TRY IT:
Check every line below for the word "this" and copy the ones that have it.

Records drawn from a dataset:
***

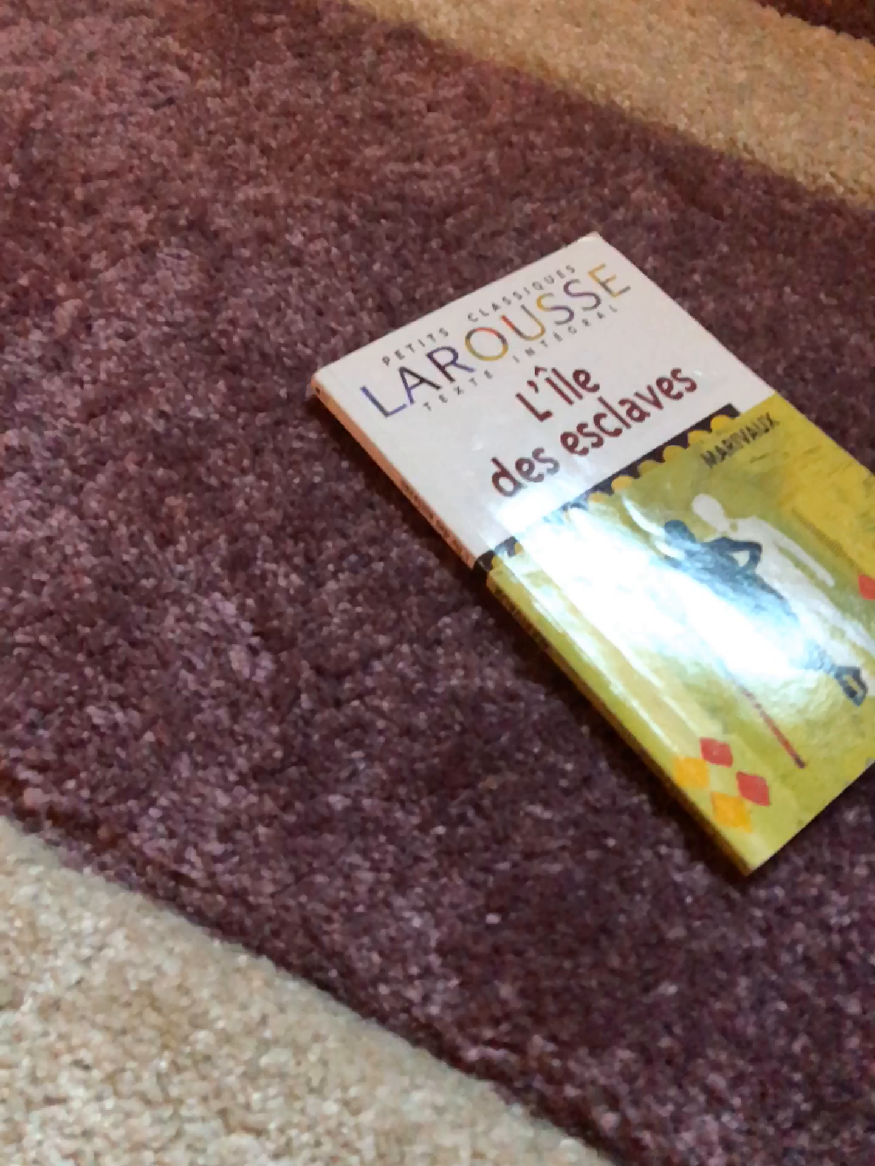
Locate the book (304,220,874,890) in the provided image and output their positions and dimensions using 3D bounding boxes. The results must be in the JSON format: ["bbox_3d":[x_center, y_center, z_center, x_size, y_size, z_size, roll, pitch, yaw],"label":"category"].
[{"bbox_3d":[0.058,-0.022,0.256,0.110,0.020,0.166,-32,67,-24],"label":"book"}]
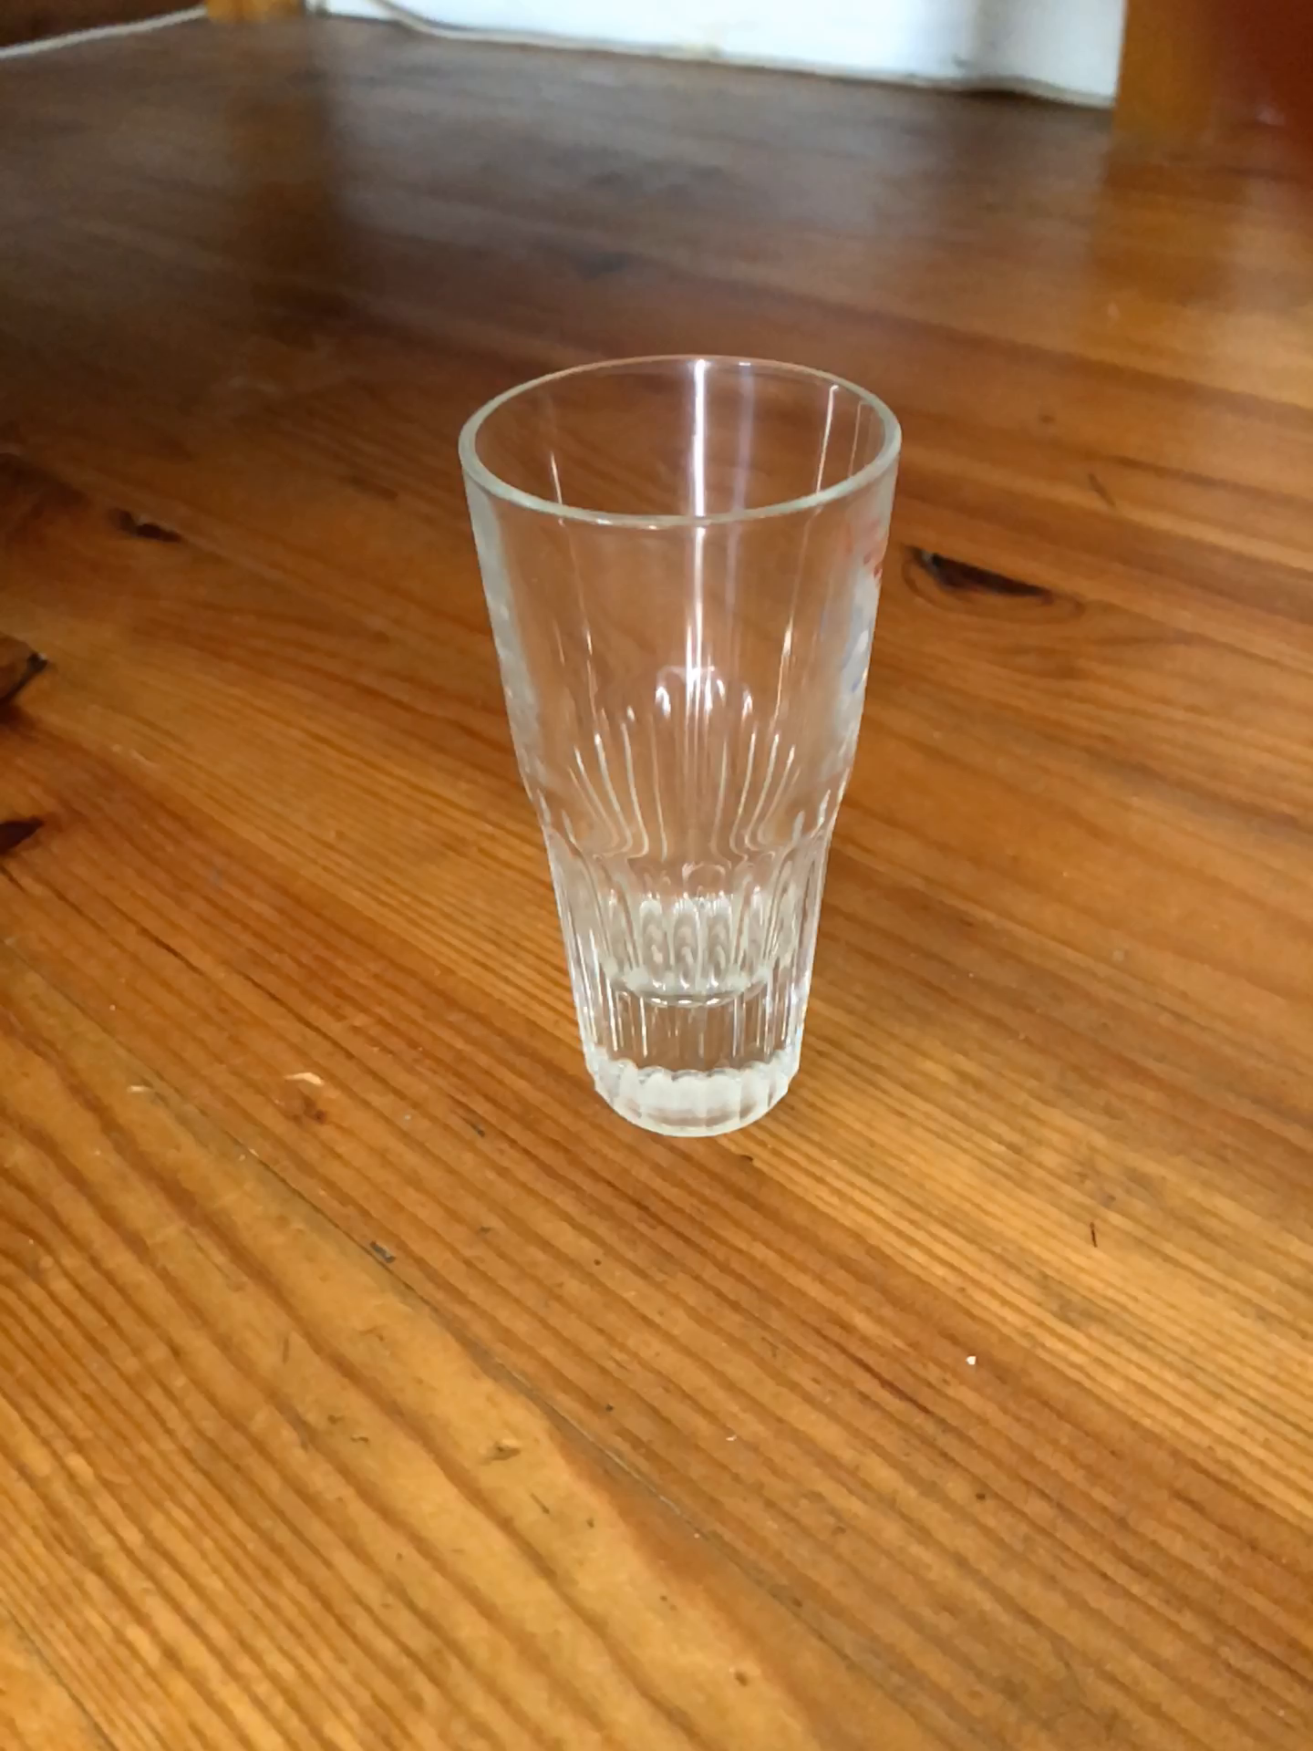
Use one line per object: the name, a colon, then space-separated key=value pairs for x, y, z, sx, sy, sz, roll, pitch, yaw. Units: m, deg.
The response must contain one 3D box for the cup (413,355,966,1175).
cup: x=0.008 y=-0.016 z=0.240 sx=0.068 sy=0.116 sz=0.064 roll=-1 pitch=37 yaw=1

***

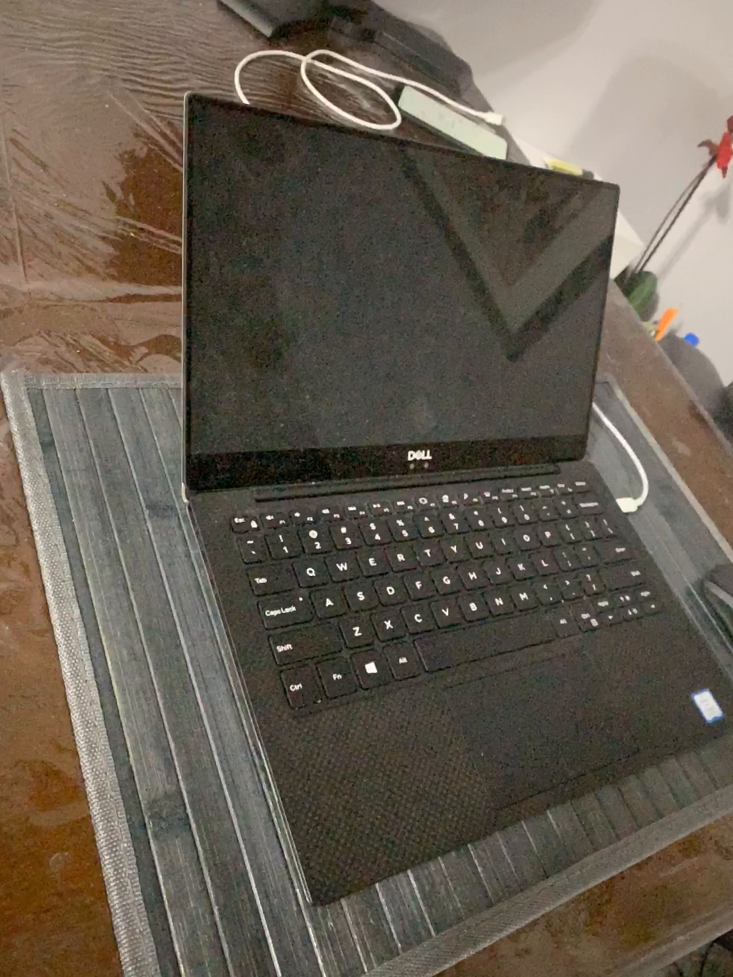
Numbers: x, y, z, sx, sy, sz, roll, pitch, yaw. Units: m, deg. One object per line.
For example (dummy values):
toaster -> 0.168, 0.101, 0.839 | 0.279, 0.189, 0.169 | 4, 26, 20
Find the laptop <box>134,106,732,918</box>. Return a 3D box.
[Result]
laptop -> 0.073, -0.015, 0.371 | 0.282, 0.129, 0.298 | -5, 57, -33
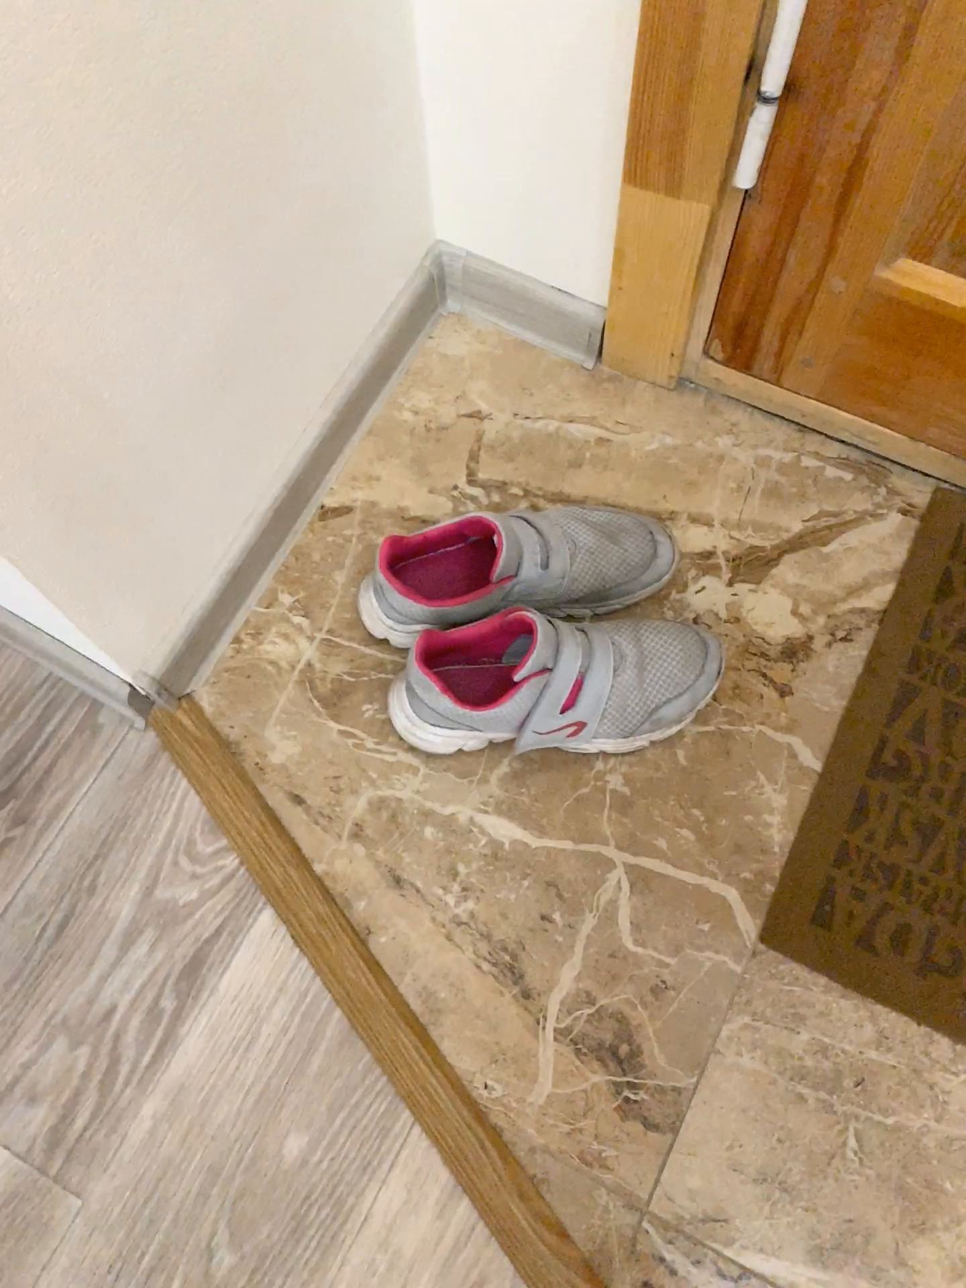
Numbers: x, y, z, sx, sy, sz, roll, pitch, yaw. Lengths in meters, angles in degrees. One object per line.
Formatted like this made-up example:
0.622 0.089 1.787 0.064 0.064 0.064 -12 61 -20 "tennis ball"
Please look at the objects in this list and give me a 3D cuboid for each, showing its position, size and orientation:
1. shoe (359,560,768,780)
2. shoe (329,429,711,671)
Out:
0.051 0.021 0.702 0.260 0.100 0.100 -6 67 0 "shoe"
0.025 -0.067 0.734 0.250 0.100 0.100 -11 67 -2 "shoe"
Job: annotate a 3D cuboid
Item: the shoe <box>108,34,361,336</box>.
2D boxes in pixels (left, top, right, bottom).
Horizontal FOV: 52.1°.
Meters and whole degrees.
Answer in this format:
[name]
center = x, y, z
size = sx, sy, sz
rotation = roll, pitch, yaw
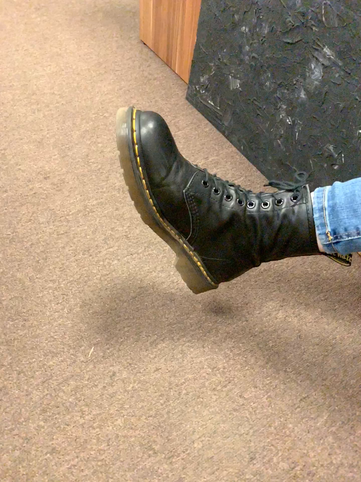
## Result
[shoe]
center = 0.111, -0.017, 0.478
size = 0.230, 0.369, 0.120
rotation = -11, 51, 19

***

ANSWER SECTION:
Formatted like this made-up example:
Please look at the objects in this list and give me a 3D cuboid for each, showing its position, size and orientation:
Answer in this format:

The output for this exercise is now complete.